Other functions of laboratory automation

Laboratory automation can greatly facilitate the implementation of an effective quality management system (QMS), which is required to ensure that reliable results are reported for patients. Laboratory automation systems automatically track and record all the useful information for quality control (QC): user credentials, media (e.g., lot number and expiration date), inoculation (e.g., volumes of samples, patterns, and times of streaking), incubation (e.g., atmosphere, temperature, and times) and imaging (e.g., digital images of plates and times) data.[27] Thus, the proper integration of laboratory automation with a laboratory information system (LIS) allows for complete traceability of the analytical process, from sample receipt to the final report.

Moreover, the possibility to access and review any taken image represents an invaluable tool from a diagnostic point of view (e.g., comparing morphology of colonies in recent and old samples from the same patient) and also for other activities such as monitoring laboratory quality, teaching, training, and discussing culture results with colleagues and clinicians.

Impact and possible improvements of laboratory automation

Impact on patient management

Clinical impact of an assay, a technology, or a modified workflow can be defined based on its added value for patient management. In the case of sepsis, this can be measured as time to targeted therapy and, hopefully, a decrease in the mortality rate. In manual processing laboratories, the activities are performed in batches, usually based on the type of sample and type of activity (e.g., inoculation, reading, ID, AST, technical validation, and clinical validation), and the results are usually delivered mostly during the morning hours.
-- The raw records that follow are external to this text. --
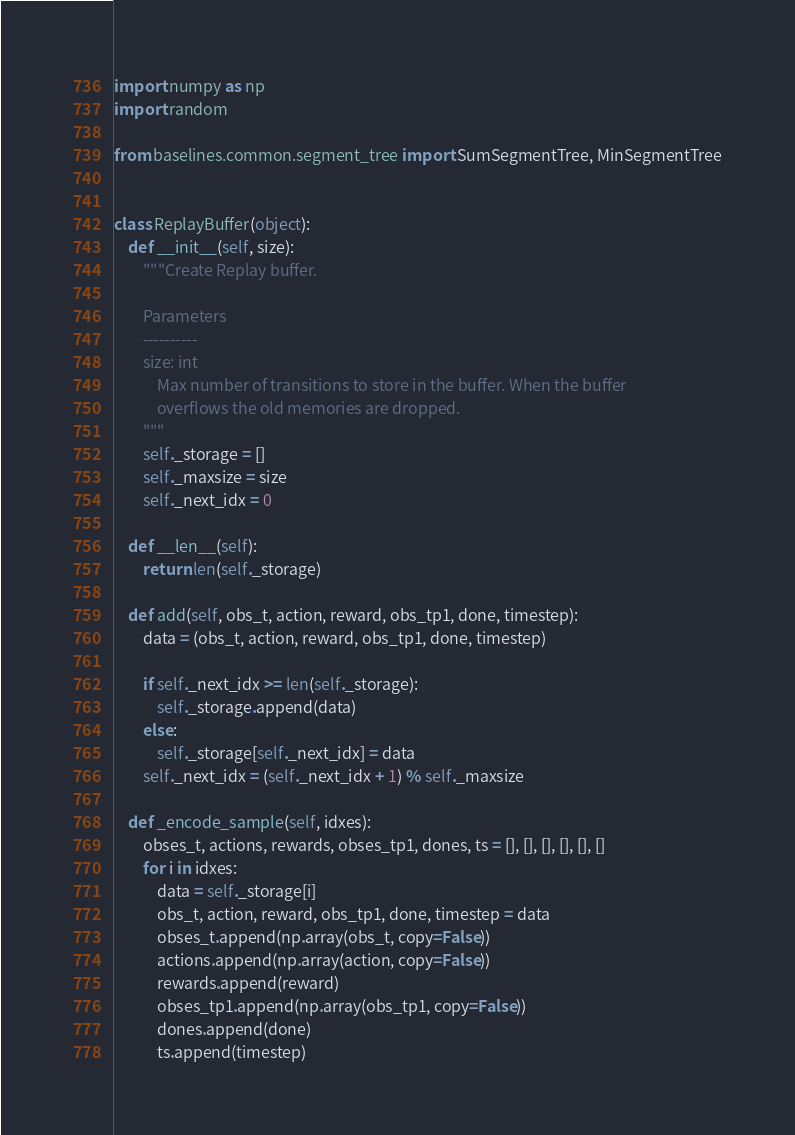<code> <loc_0><loc_0><loc_500><loc_500><_Python_>import numpy as np
import random

from baselines.common.segment_tree import SumSegmentTree, MinSegmentTree


class ReplayBuffer(object):
    def __init__(self, size):
        """Create Replay buffer.

        Parameters
        ----------
        size: int
            Max number of transitions to store in the buffer. When the buffer
            overflows the old memories are dropped.
        """
        self._storage = []
        self._maxsize = size
        self._next_idx = 0

    def __len__(self):
        return len(self._storage)

    def add(self, obs_t, action, reward, obs_tp1, done, timestep):
        data = (obs_t, action, reward, obs_tp1, done, timestep)

        if self._next_idx >= len(self._storage):
            self._storage.append(data)
        else:
            self._storage[self._next_idx] = data
        self._next_idx = (self._next_idx + 1) % self._maxsize

    def _encode_sample(self, idxes):
        obses_t, actions, rewards, obses_tp1, dones, ts = [], [], [], [], [], []
        for i in idxes:
            data = self._storage[i]
            obs_t, action, reward, obs_tp1, done, timestep = data
            obses_t.append(np.array(obs_t, copy=False))
            actions.append(np.array(action, copy=False))
            rewards.append(reward)
            obses_tp1.append(np.array(obs_tp1, copy=False))
            dones.append(done)
            ts.append(timestep)</code> 
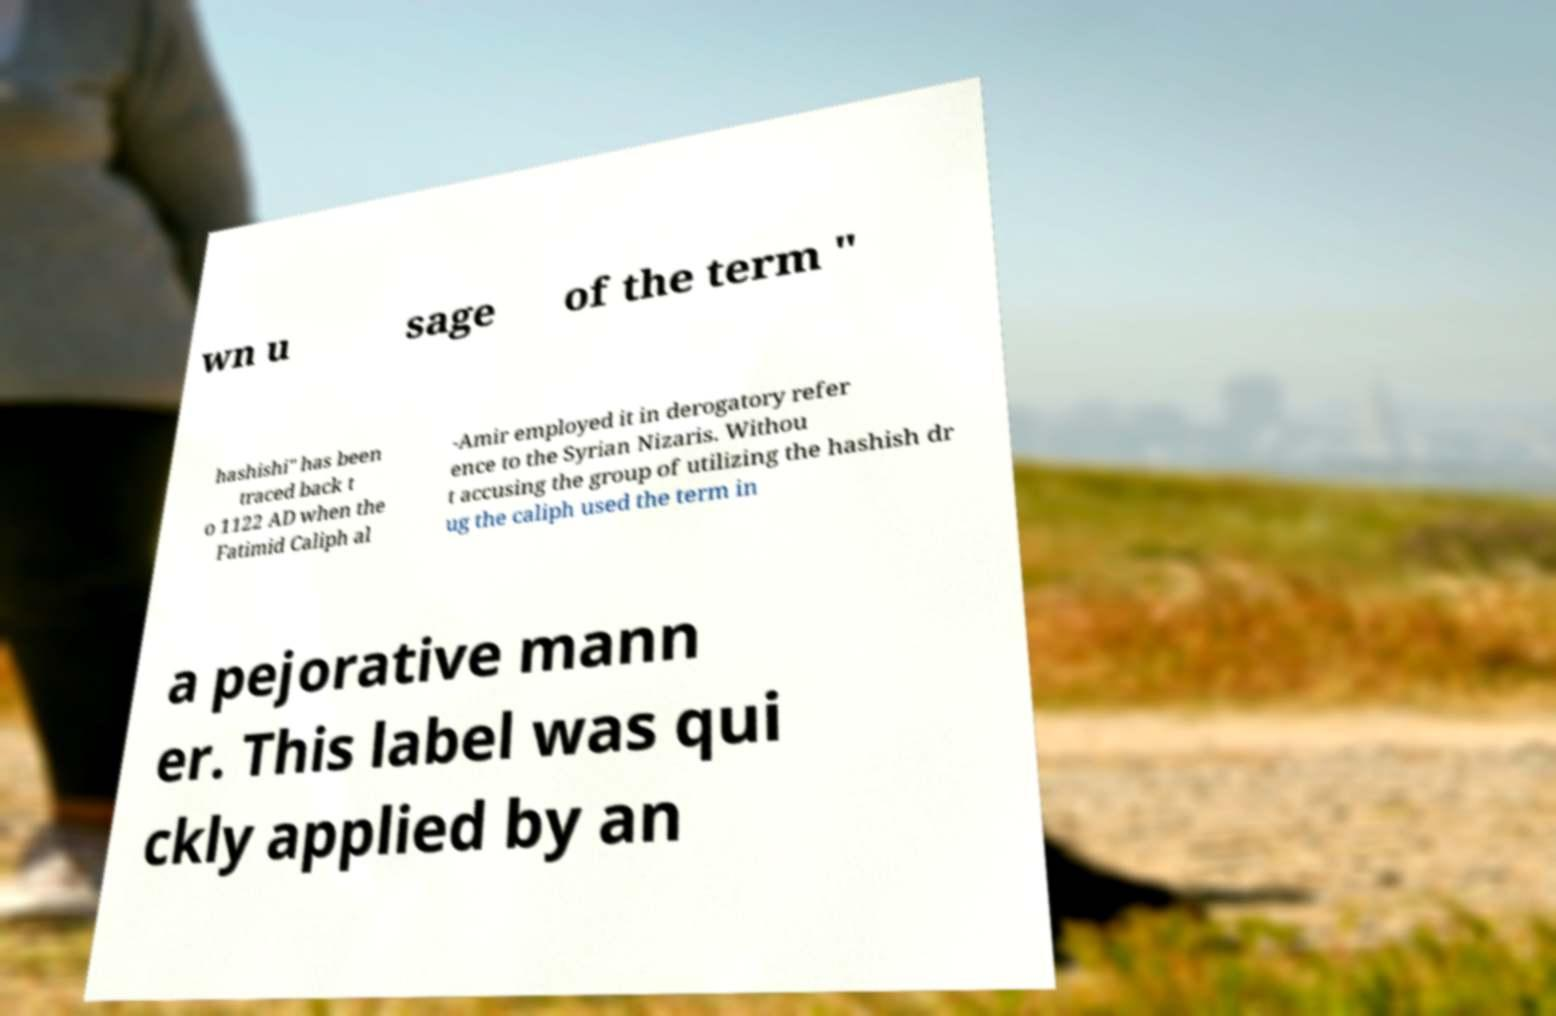Could you assist in decoding the text presented in this image and type it out clearly? wn u sage of the term " hashishi" has been traced back t o 1122 AD when the Fatimid Caliph al -Amir employed it in derogatory refer ence to the Syrian Nizaris. Withou t accusing the group of utilizing the hashish dr ug the caliph used the term in a pejorative mann er. This label was qui ckly applied by an

Indeed, a study evaluating the TAT for positive blood cultures (BC) in 13 US acute care hospitals demonstrated a significant discrepancy between times of BC collection and reporting laboratory test results. While only 25% of specimens were collected between 6:00 a.m. and 11:59 a.m., approximately 80% of laboratory ID and AST results were reported in this time interval.[28] This can have a negative impact on septic patient management, delaying clinical decision-making for optimal targeted therapy.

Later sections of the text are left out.